The rest of your life, you unconsciously mourn for the loss of your primary homosexuality, back when it was all about you. In fact, the society (e.g., mother) insists that you give up your primary homosexuality in order to become a realistic ego that acknowledges other egos. Hence, in Butler’s construal of psychological development, heterosexuality is a symptom, an expression of mourning for a loss of that infantile ego-ideal. Heterosexuals are psychologically melancholy (even if they don’t know it), forever and impossibly trying to reunite with the lost social other.
That probably sounds pretty far out for a layperson, but for someone familiar with neo-Freudian theory it makes a lot of sense. I’m not a Freudian, so I disagree with the idea, but I learned a lot in re-examining all those basic assumptions.
The Body The biological, physical body is also a social construction, according to Butler. At least I think that’s what she’s saying. The body is an imagined structure, she says, imagined and contoured by discourse and socialization. There is plenty of research to support the idea.
But is that all the body is? Butler is characteristically ambiguous on this crucial point of ontology. She was once asked directly “Is there a physical body prior to socialization?” She answered with delicious ambiguity, “It is impossible to decide.” Lately, I am tending toward radical constructivism on this point. The physical body is indeed a very elaborate, socially diffused, transpersonal concept.

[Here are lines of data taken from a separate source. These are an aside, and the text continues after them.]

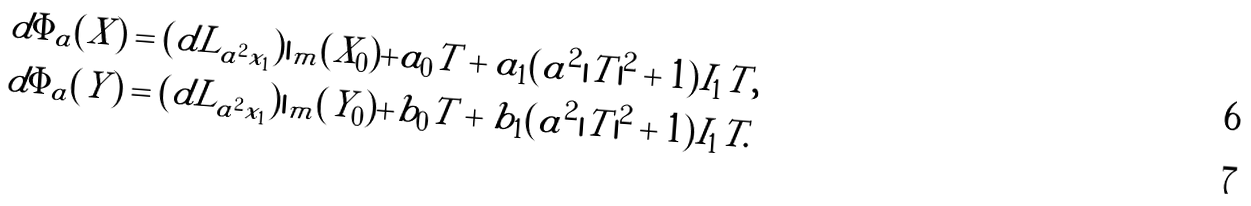Convert formula to latex. <formula><loc_0><loc_0><loc_500><loc_500>d \Phi _ { a } ( X ) & = ( d L _ { a ^ { 2 } { x _ { 1 } } } ) | _ { m } ( X _ { 0 } ) + a _ { 0 } T + a _ { 1 } ( a ^ { 2 } | T | ^ { 2 } + 1 ) I _ { 1 } T , \\ d \Phi _ { a } ( Y ) & = ( d L _ { a ^ { 2 } { x _ { 1 } } } ) | _ { m } ( Y _ { 0 } ) + b _ { 0 } T + b _ { 1 } ( a ^ { 2 } | T | ^ { 2 } + 1 ) I _ { 1 } T .</formula> 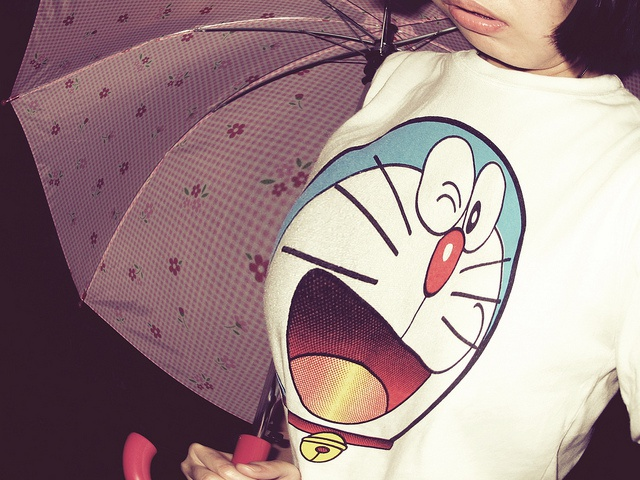Describe the objects in this image and their specific colors. I can see people in black, ivory, and tan tones and umbrella in black, gray, and purple tones in this image. 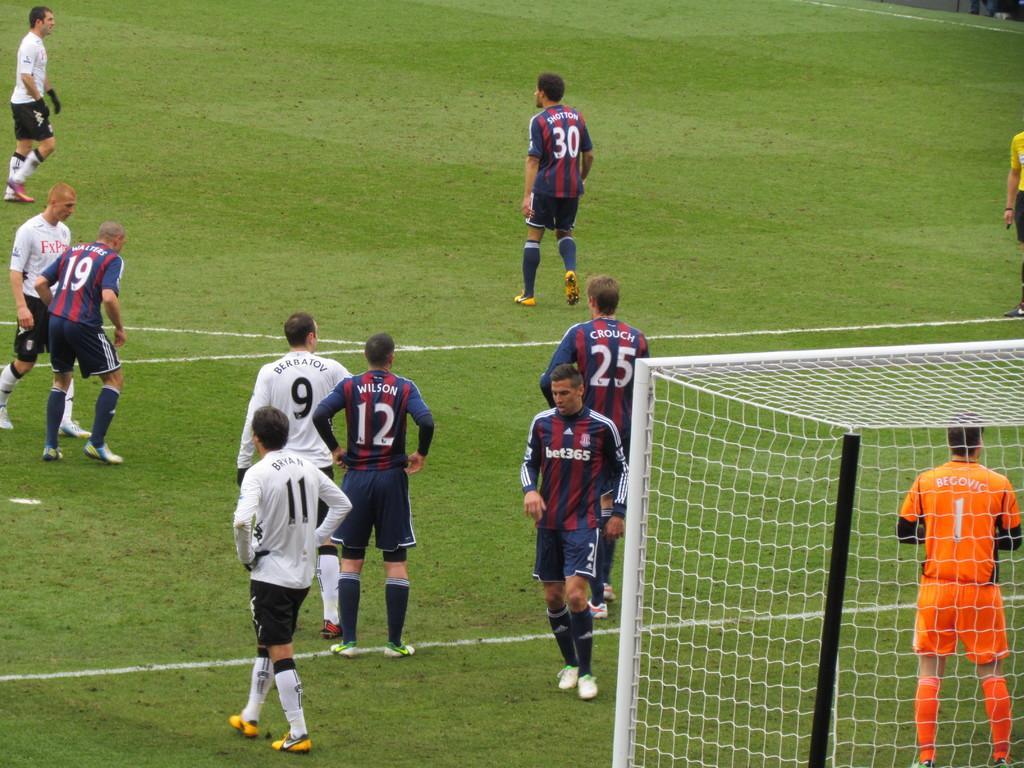Describe this image in one or two sentences. This picture describes about group of people, few are standing and few are walking on the grass, and also we can see few metal rods and a net.

Butler has helped me think this through.
The Female Phallus A phallus is a symbol of the penis. A phallus exists entirely within discourse, as a symbol. Thus the term, phallic symbol, is redundant. There is no biological phallus because it is just a symbol. No one can literally have a phallus. Or, anyone can. Even women. A phallic woman, especially a lesbian, has the characteristics of a phallus: strong, erect, penetrating, forceful, and so on. According to Butler, accepting the idea of the female phallus breaks the heterosexual hegemony of its significance. There are implications, to say the least.
Performative Speech Following J.L. Austin’s speech act theory, Butler notes that certain states of being can be caused by speech alone. When a preacher says, “I now pronounce you husband and wife,” the pronouncement makes it so. Language has that power. Butler extends this notion. When the doctor in the delivery room announces “It’s a boy!” that makes it a boy. The doctor is not giving a description, but a constitutive speech act.
Again I agree with her, but I ask, are there no additional dimensions to the doctor’s pronouncement? If the doctor pronounced “It’s a boy” upon a baby with a vagina, would the doctor be wrong? Butler’s intriguing analyses does not consider counterexamples.
Still, her deployment of speech act theory is challenging and productive. She applies it well to categories of state speech, hate speech, and pornography. Her analysis of labor relations was less compelling for me, but still good.
Butler is a philosopher rich in exciting ideas, and this brief book condenses them into a potent brew. I haven’t been successful in recommending it to students and colleagues. They find the ideas too preposterous. That’s their loss.